​Sainsbury shops around for best price

2 min read
Laura benitez

J Sainsbury opted to issue a £250m convertible hybrid bond alongside its well-flagged corporate hybrid on Thursday, in a bid to lower overall funding costs in a relatively untested sterling market.

One investor who attended the London leg of the roadshow, said price talk for a £500m size on the hybrid was coming with a 7% handle, and bankers away from the deal said the unrated sterling hybrid sector remains a risk for larger benchmark sizes.

“There was some uncertainty around the price at the full £500m mark, and Sainsbury’s are familiar with the convertible market. It was clear that pricing was going to be more favourable this way,” a lead on the deal said.

Mixing it up

After wrapping up the last of its meetings on Wednesday in Edinburgh, Sainsbury followed up on Thursday morning to start marketing an expected £250m perpetual non-call five hybrid at 6.75%.

“The 6.75% yield is a bit skimpy, so we’ll be passing. But I suspect they have enough real money buyers to jam this into. I would be surprised if it trades well in secondary,” one investor said.

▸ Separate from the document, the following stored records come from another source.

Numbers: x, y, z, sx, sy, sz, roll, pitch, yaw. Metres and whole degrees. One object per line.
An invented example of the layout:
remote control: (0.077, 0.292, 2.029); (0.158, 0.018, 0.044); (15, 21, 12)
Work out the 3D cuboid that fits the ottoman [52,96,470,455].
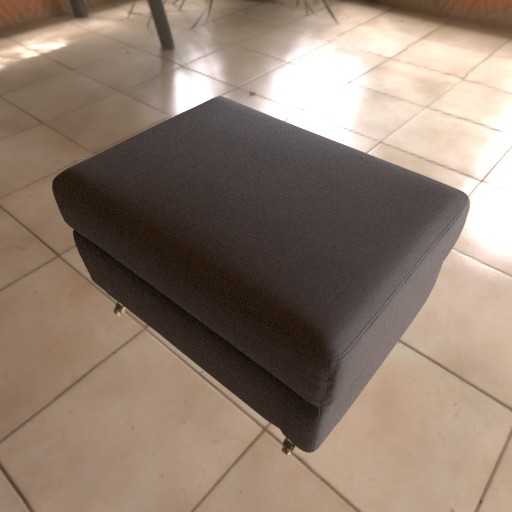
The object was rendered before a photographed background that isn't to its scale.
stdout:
ottoman: (0.000, 0.000, 1.098); (0.773, 0.497, 0.574); (31, 52, 27)
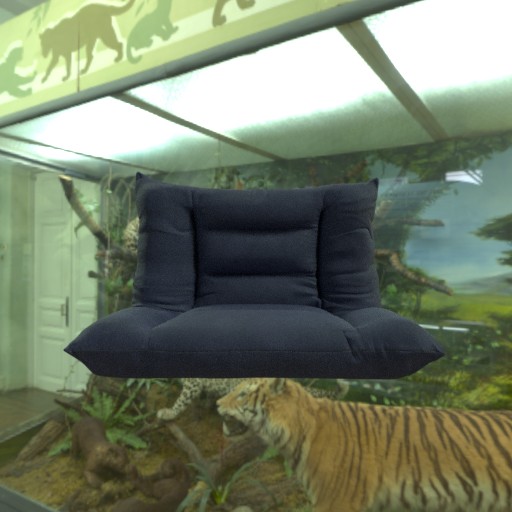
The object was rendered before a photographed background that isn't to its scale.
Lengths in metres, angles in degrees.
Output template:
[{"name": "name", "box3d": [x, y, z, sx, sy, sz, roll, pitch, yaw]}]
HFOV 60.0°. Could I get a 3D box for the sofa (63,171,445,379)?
[{"name": "sofa", "box3d": [0.000, 0.000, 1.714, 1.122, 0.778, 0.849, 0, -1, 1]}]
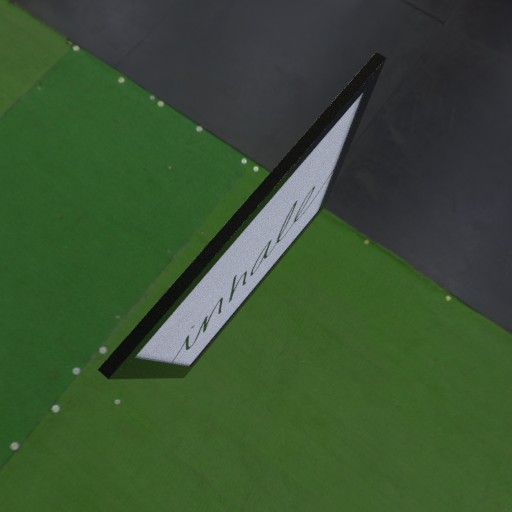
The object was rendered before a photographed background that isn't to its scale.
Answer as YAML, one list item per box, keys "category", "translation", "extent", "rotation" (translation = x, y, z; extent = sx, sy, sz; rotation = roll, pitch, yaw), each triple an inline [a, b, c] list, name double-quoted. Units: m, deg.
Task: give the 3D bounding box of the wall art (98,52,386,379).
- category: "wall art"
  translation: [0.000, 0.000, 0.665]
  extent: [0.014, 0.445, 0.446]
  rotation: [38, 78, 9]
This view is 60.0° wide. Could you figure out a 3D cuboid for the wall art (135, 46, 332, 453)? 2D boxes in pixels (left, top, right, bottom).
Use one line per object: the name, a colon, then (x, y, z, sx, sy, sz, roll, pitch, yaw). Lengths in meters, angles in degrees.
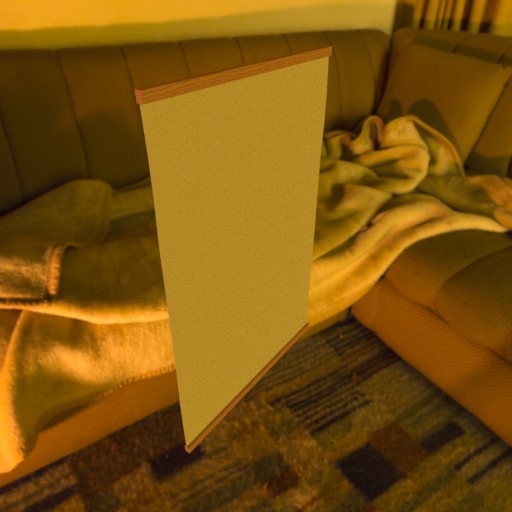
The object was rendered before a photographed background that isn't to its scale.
wall art: (0.000, 0.000, 1.881, 0.025, 1.521, 1.011, 22, 38, 30)
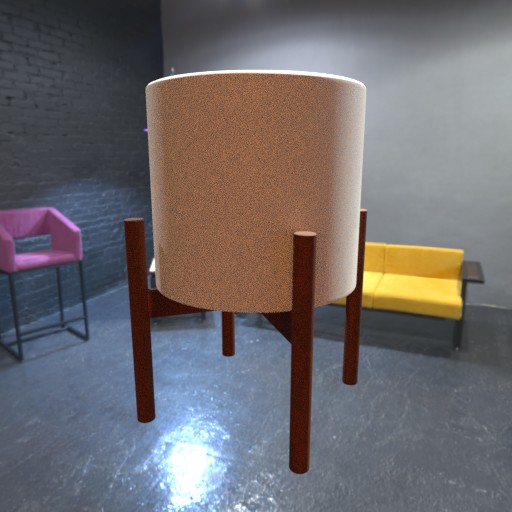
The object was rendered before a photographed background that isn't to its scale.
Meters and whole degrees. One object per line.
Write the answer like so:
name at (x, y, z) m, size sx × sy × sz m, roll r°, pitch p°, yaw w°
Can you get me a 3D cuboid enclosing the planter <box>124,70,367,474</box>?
planter at (0.000, 0.000, 0.502) m, size 0.224 × 0.358 × 0.224 m, roll 6°, pitch 15°, yaw 26°
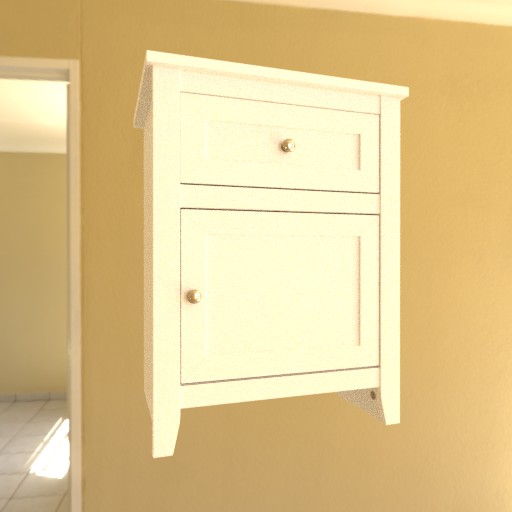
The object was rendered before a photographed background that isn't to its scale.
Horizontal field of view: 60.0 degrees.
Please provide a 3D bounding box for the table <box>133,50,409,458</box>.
[{"bbox_3d":[0.000,0.000,0.936,0.480,0.635,0.381,0,0,-18],"label":"table"}]
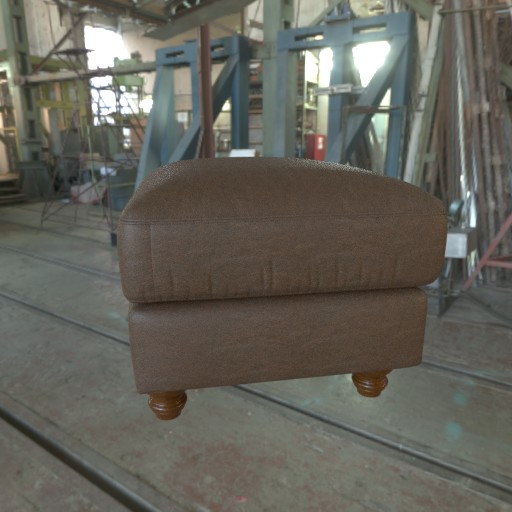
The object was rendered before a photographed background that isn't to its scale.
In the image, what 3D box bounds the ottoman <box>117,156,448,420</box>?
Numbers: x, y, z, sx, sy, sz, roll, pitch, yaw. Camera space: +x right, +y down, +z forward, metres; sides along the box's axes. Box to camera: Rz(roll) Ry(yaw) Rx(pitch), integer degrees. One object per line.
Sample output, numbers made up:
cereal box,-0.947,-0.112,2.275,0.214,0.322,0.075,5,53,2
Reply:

Leads Deutsche Bank, Morgan Stanley and UBS later released guidance at 6.625% area on the back of a £900m order book, and followed this up with final terms of 6.5% on demand of £1.2bn.

The proceeds will address at least £250m of Sainsbury’s pension fund deficit, while the shortfall stood at £651m, according to the company’s preliminary results released on May 6.

Concurrently, Sainsbury launched a £250m perpetual subordinated convertible offering a coupon at a fraction of its other deal, at 2.5%–3%.

The conversion price will be set at a 30%–35% premium to the VWAP of the stock during bookbuilding.

The bonds are convertible until July 2021 when the coupon will also change to match that on the hybrids being issued today. And in six years time the supermarket will see the bonds in effect merge into £500m of matching hybrids.